— EXTRACTED MATERIAL —

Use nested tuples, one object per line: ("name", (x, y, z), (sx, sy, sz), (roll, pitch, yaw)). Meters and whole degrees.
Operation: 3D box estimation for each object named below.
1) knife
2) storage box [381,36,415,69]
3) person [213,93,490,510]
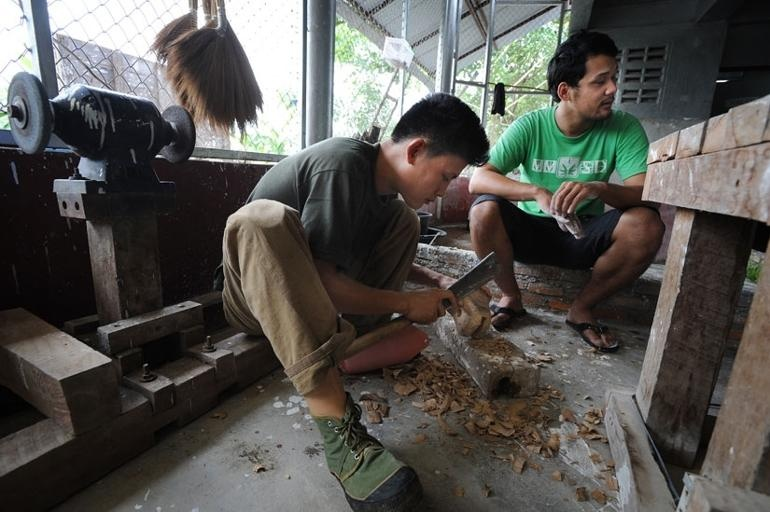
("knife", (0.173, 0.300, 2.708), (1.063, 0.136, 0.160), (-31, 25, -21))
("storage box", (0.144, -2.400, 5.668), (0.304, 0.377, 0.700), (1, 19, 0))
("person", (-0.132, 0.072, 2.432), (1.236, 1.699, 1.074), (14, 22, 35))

---

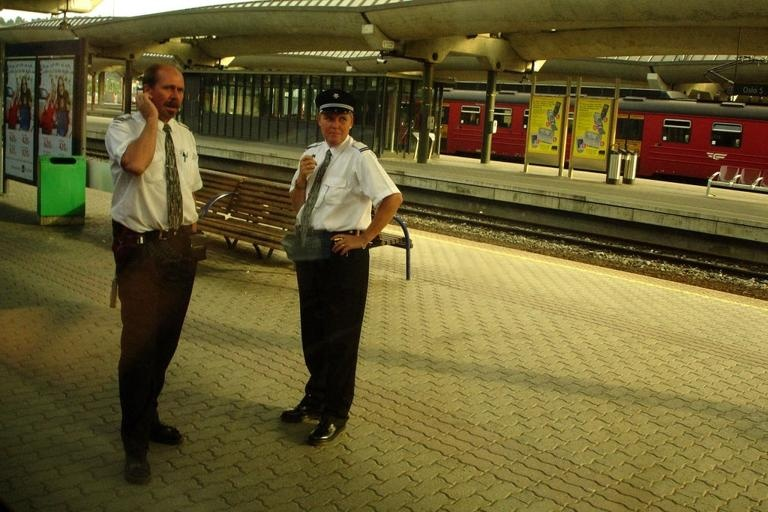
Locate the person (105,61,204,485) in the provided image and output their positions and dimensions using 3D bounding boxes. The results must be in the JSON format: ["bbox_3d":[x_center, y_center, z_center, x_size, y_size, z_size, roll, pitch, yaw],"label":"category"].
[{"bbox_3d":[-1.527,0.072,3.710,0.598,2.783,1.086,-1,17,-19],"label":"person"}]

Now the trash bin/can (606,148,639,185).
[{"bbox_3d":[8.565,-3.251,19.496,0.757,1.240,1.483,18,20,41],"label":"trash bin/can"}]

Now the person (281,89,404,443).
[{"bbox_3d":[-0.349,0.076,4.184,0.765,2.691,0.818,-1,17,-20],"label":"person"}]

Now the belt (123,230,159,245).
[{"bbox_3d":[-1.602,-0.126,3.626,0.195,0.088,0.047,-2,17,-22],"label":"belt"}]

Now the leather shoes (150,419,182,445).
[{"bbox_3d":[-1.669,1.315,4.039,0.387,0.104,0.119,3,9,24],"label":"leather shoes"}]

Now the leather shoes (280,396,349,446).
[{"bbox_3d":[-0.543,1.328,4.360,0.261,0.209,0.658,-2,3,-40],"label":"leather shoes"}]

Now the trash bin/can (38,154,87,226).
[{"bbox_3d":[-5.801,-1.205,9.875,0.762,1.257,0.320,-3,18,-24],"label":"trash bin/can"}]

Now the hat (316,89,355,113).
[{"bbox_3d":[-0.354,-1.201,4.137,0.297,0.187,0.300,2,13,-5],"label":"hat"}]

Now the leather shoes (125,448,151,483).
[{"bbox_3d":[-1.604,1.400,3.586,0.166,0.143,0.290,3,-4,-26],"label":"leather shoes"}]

---

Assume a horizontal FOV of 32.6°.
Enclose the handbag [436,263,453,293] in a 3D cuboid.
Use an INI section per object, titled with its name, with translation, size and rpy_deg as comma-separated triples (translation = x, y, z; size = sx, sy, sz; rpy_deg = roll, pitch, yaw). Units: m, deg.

— WORK ITEM —
When you reach the line in the material above that holds "Enclose the handbag", begin reproducing lines exactly, and stop after the line that holds "Use an INI section".

— OUTPUT OF THE EXERCISE —
Enclose the handbag [436,263,453,293] in a 3D cuboid.
Use an INI section per object, titled with its name, with translation, size and rpy_deg as comma-separated triples (translation = x, y, z; size = sx, sy, sz; rpy_deg = roll, pitch, yaw). Units: m, deg.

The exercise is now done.